Methodology
The audit pipeline, end to end
9 stages, typed input/output between each. Every stage is open source; every artefact is reproducible.
01INTAKE
Accepts an ERC-8004 agent URL, a raw 8004 agentId, or a GitHub repo URL. Resolves which type of input you gave us.
Output · Audit ID + parsed source
Code · src/pipeline/run.ts
02FETCH
Downloads the repo as a GitHub tarball (no `git` shell-out — works in serverless), pins a concrete commit SHA, extracts to an ephemeral sandbox, builds a file inventory (governance docs present? CI workflows? eval dir?).
Output · worktree dir, commitSha, fileCount, languages, FileInventory
Code · src/pipeline/stages/fetch.ts
03RECON
Single-pass scanner. For every text-readable source file (size-capped), applies regex + AST patterns against 21 named signals: agent_framework, logging_hooks, oversight_hooks, eval_artefacts, biometric, employment, content_generation, and so on. Each match contributes evidence to one or more signals.
Output · ReconResult — signals × evidence records
Code · src/pipeline/stages/recon.ts
04SCOPE
Selects which regulation packs to audit against. V0 echoes the user's choice; V1+ will narrow by jurisdiction and broaden by detected signals (e.g. content_generation auto-includes Article 50(2)).

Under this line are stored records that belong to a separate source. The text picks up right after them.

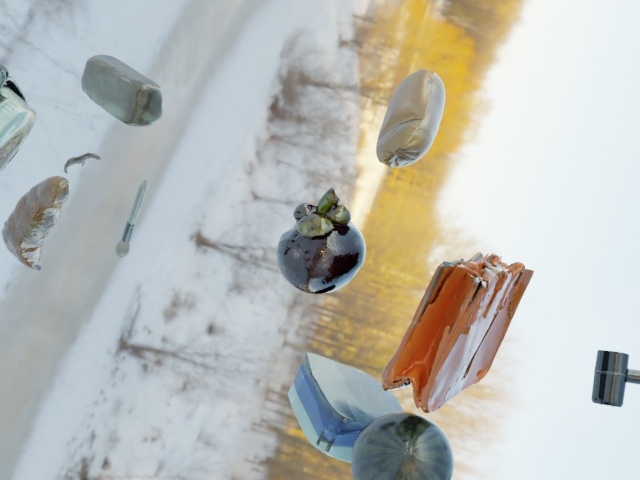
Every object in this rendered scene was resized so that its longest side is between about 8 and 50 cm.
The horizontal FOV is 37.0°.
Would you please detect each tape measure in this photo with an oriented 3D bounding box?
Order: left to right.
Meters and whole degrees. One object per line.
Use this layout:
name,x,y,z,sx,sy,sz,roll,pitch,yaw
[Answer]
tape measure,-0.438,-0.121,1.158,0.207,0.115,0.235,-53,-170,-4
tape measure,0.067,0.421,2.324,0.138,0.262,0.259,-60,-150,20

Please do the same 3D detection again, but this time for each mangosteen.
mangosteen,0.000,0.000,2.006,0.194,0.194,0.230,-68,157,-65

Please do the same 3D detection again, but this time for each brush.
brush,-0.487,-0.060,2.473,0.042,0.039,0.299,-76,-170,-48

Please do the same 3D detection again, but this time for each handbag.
handbag,0.281,0.169,1.916,0.410,0.116,0.303,-5,120,-65

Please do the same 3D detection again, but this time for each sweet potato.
sweet potato,-0.613,-0.037,2.025,0.354,0.106,0.095,128,-27,-49

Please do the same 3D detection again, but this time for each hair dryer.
hair dryer,0.722,0.320,2.144,0.071,0.219,0.124,97,0,-84

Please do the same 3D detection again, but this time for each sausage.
sausage,0.194,-0.250,2.059,0.116,0.134,0.354,58,31,-24

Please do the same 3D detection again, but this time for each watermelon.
watermelon,0.163,0.444,1.904,0.212,0.212,0.212,18,90,-88

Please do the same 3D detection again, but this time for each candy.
candy,-0.439,-0.330,2.112,0.102,0.234,0.104,0,116,-50

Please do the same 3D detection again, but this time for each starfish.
starfish,-0.543,-0.182,2.180,0.091,0.028,0.078,-22,-178,-36
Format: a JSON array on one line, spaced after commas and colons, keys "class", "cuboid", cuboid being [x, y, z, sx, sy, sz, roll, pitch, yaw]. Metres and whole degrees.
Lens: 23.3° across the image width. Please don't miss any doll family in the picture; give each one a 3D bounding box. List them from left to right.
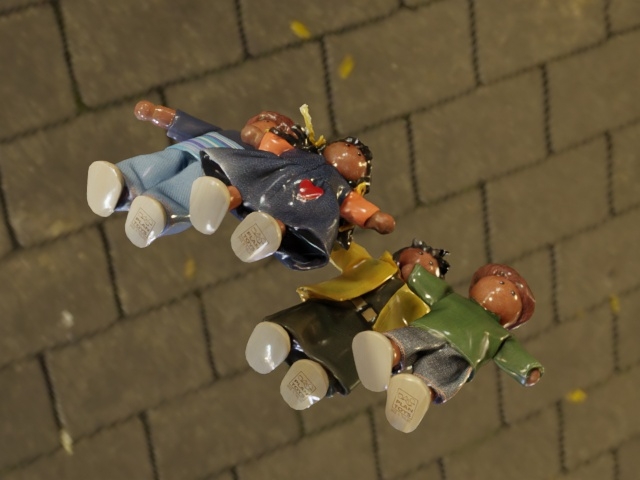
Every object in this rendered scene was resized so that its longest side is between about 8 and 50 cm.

Output · ScopeResult — list of regulation pack IDs
Code · src/pipeline/stages/scope.ts
05MAP
Cross-clause reasoning: derives the risk classification (high / limited / minimal / gpai). For EU AI Act, fires Annex III triggers based on RECON signals (e.g. employment_signals → Annex III §4) and Article 50 triggers from generation/emotion signals.
Output · MapResult — classification, annexIiiCategories, art50Triggers, rationale
Code · src/pipeline/stages/map.ts
06CHECK
Runs each in-scope clause's deterministic rules. Each rule returns a [0..1] score and evidence records. Weighted aggregation produces a per-clause raw score; raw → 0..4 ordinal verdict. Prohibition clauses (Art 5) invert: signal found = violation = fail.
Output · CheckResult per clause — verdict, score, rules breakdown, evidence
Code · src/pipeline/stages/check.ts + src/pipeline/checkers/rules.ts
07VERIFY
Pass-through stub in V0. V1 will invoke an LLM judge on clauses whose raw score lands in the ambiguous band [0.3, 0.7]. Disagreements downgrade verdict.
Output · VerifyResult per clause
08GRADE
Aggregates verdicts to per-regulation averages and an overall score. Excludes n/a + external from the mean.
Output · GradeResult — overallScore + perRegulation breakdown
Code · src/pipeline/stages/grade.ts
09REPORT
Assembles the final AuditReport, computes the canonical bundleHash = sha256 of the stable parts (commit, regulations versions, checker version, sorted clause verdicts). The hash is what gets posted on chain in V1.
Output · AuditReport — durable, shareable, reproducible
Reproducibility contract
For an audit to be third-party verifiable, four inputs must be pinned and re-derivable from the on-chain attestation:
commitSha— exactly which version of the audited repo we read.regulationsVersion— sha256 of the regulation YAML pack used.checkerVersion— pinned git SHA of the checker code at audit time.bundleHash— sha256 of canonical-JSON over all the above plus the sorted clause verdicts.
Anyone can clone our checker at checkerVersion, clone the audited repo at commitSha, load the regulation pack at regulationsVersion, run the pipeline, and compute their own bundleHash. If it matches the on-chain hash, the audit is honest. If not, one of the inputs drifted.
Acknowledgement
The multi-stage security-audit pattern that inspired this regulation-audit pipeline comes from prior work in agentic security tooling — notably the orchestrated RECON → HUNT → VERIFY → GRADE → REPORT flow popularised by hacker-bob.